By Hannah Holliday
In March, the coronavirus may have closed down gyms, fitness centers and exercise studios. However, it did not stop people from moving.
Stationed in her kitchen in Niles, Daysha Amster is still teaching Zumba and WERQ exercise classes. While the space looks different than her usual setting at the Niles-Buchanan YMCA, Amster is not letting the gym closures stop her from doing what she loves.
“The first thing I did was think of was my students and class,” Daysha says of when she received news of the state’s mandate to close down all fitness facilities. “It’s the best job I’ve ever had. I love that we connect through something healthy and positive. I was concerned and didn’t know how we would stay connected.”
Daysha, who has been teaching classes at the YMCA location for two years, initially tried to teach her classes through Facebook Live but has since transitioned to Zoom Video Communications due to copyright issues with music. Through Zoom, she is offering free classes to the community and what she calls her “fit fam.”
Having been a dancer all her life, Daysha explains how a lot of money goes into becoming a fitness instructor, including paying about $300 to $500 on certifications. To continue to stay certified, instructors must pay fees and subscription dues.
In addition to her Zoom classes, Daysha created a Facebook page, “My Group Fitness Niles, Michigan,” which accumulated a 200-person following in 24 hours. The followers include people who regularly attend her Friday and Saturday classes at the YMCA and community members. In the group, Daysha has also encouraged other fitness instructors to post their virtual classes.
In addition to being WERQ and Zumba certified, Daysha is also certified in PiYo, yoga and group fitness and works as a librarian in the media center at Brandywine High School.
Daysha encourages anyone of any fitness level to participate in the Zoom classes.

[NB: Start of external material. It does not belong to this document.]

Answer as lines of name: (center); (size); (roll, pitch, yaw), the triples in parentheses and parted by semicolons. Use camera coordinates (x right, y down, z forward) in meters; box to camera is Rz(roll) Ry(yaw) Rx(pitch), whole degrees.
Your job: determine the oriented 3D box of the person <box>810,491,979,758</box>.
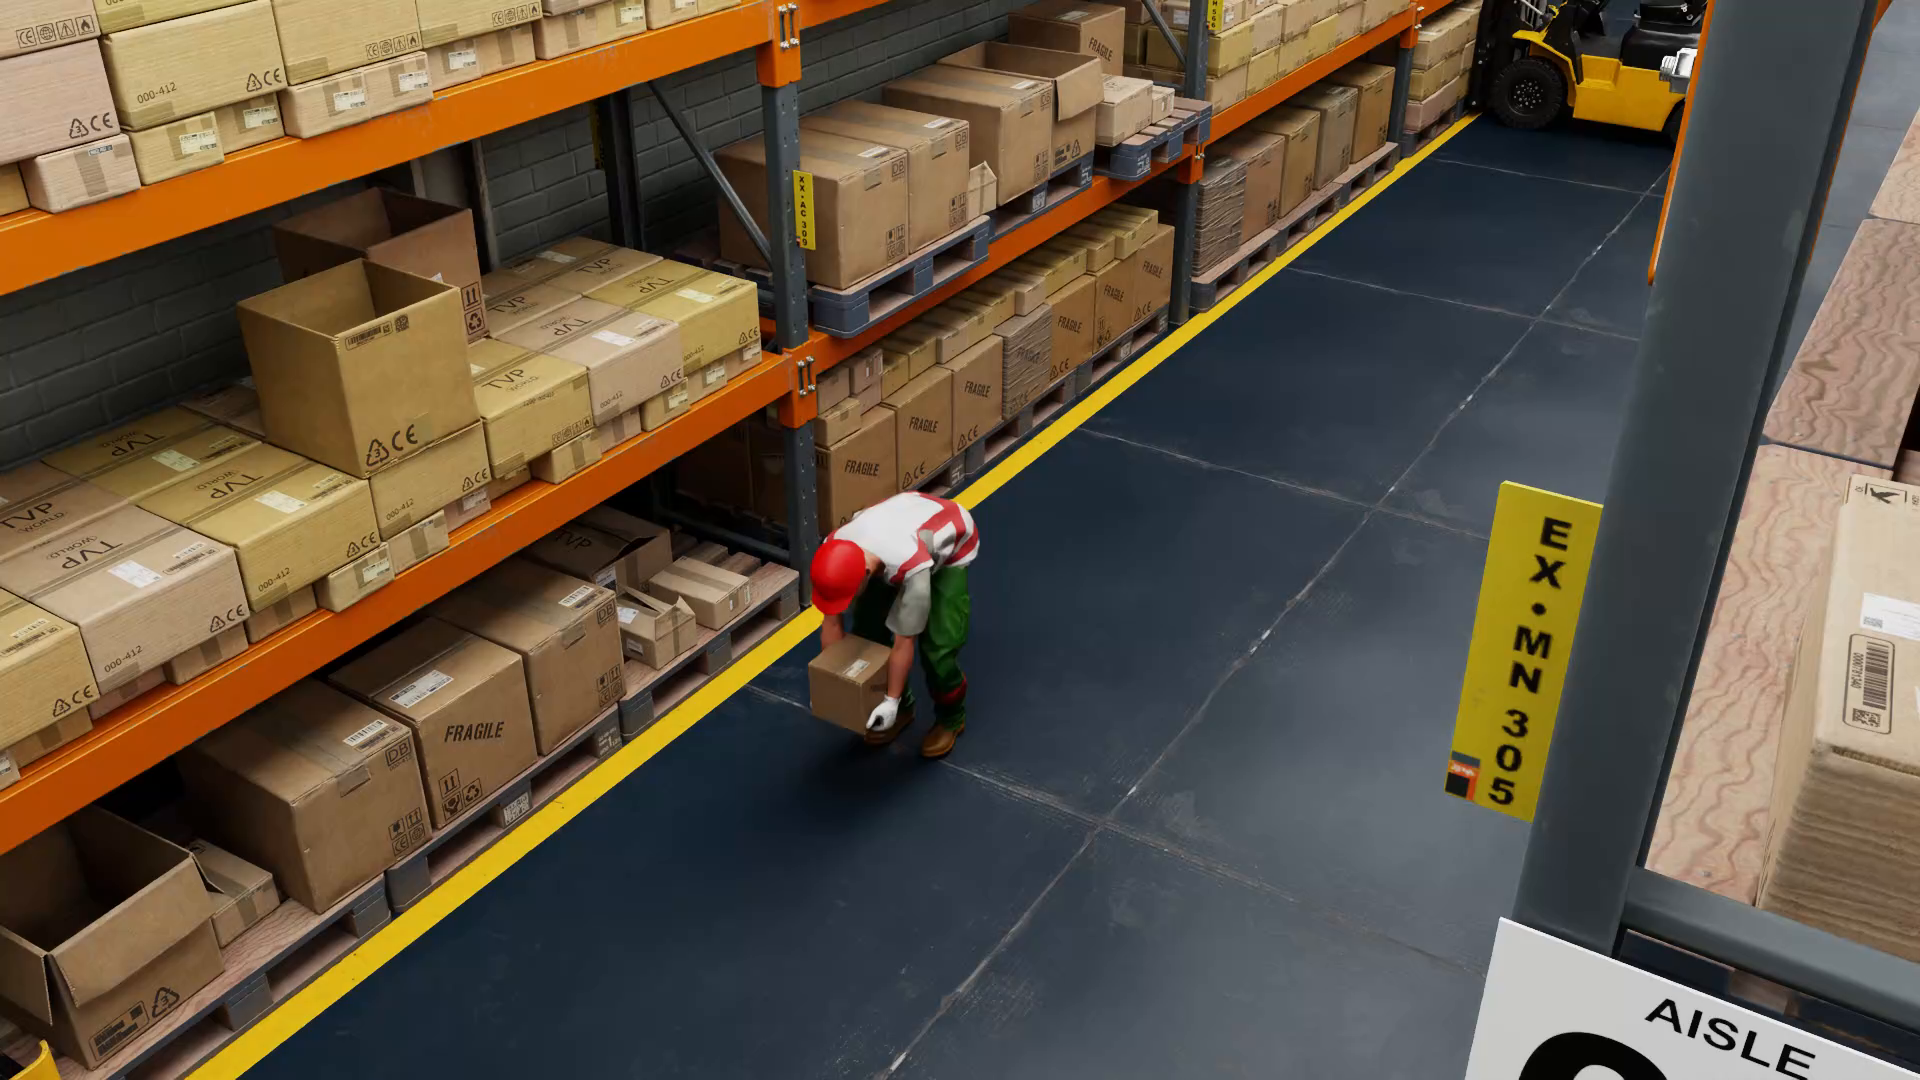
person: (-0.271, 0.372, 6.547); (0.508, 1.201, 0.940); (16, 34, 25)

“In Zoom, you don’t have to have the camera on you,” she says. “The people who come to my class are all different ages and different body types. You don’t have to match my body. You do the moves for your body and what is safe and effective for you.”
The goal of the virtual classes is to allow people to let go and have fun during what can be an uncertain time, she says.
Daysha plans to continue offering the virtual classes until gyms can safely open back up.
“Teaching is my Friday night and my happy hour,” she says. “I’m always dancing anyway, so I would rather be doing it with people. I’ve lived in Indy, Kalamazoo, Seattle, and I’ve made some friends along the way. It’s very cool that I can do this virtually and reach a broader crowd.”
Daysha’s plan for virtual fitness is not unique. Across the country, virtual fitness has seen a boom, with many across the Michiana region getting in on the action.
In Sister Lakes, a Facebook community dedicated to cardio drumming also went virtual.
Tonya Melton, who started the Sister Lakes Cardio Drumming Facebook page in 2015, is researching ways the community can still get their cardio drumming fix during the pandemic.
“Of course, you can do other workouts, but cardio drumming is more than just a workout. It’s a community,” Tonya says. “We are trying to stay connected through social media, hold each other accountable, and lift each other up. It truly is a family.”
Despite their workouts being canceled due to the mandate, Tonya says the group’s attitude has been to keep moving.
“Get out and get some fresh air,” she says. “Go for a walk or a run, and clear your mind. If you have internet, there are plenty of exercises to follow there. FaceTime with a friend and workout together.”
Although face to face fitness interactions are canceled, the communal aspect of fitness remains alive among local communities.
“We have built a really strong bond and were already so tightly connected,” Tonya says of the cardio drumming community. “With everything that is happening, it has just really confirmed how much we rely on each other to get through life.”
From the comfort of her home in Niles, Daysha echoes Tonya’s sentiments.
“As long as people want to dance with me, I will be here,” she says.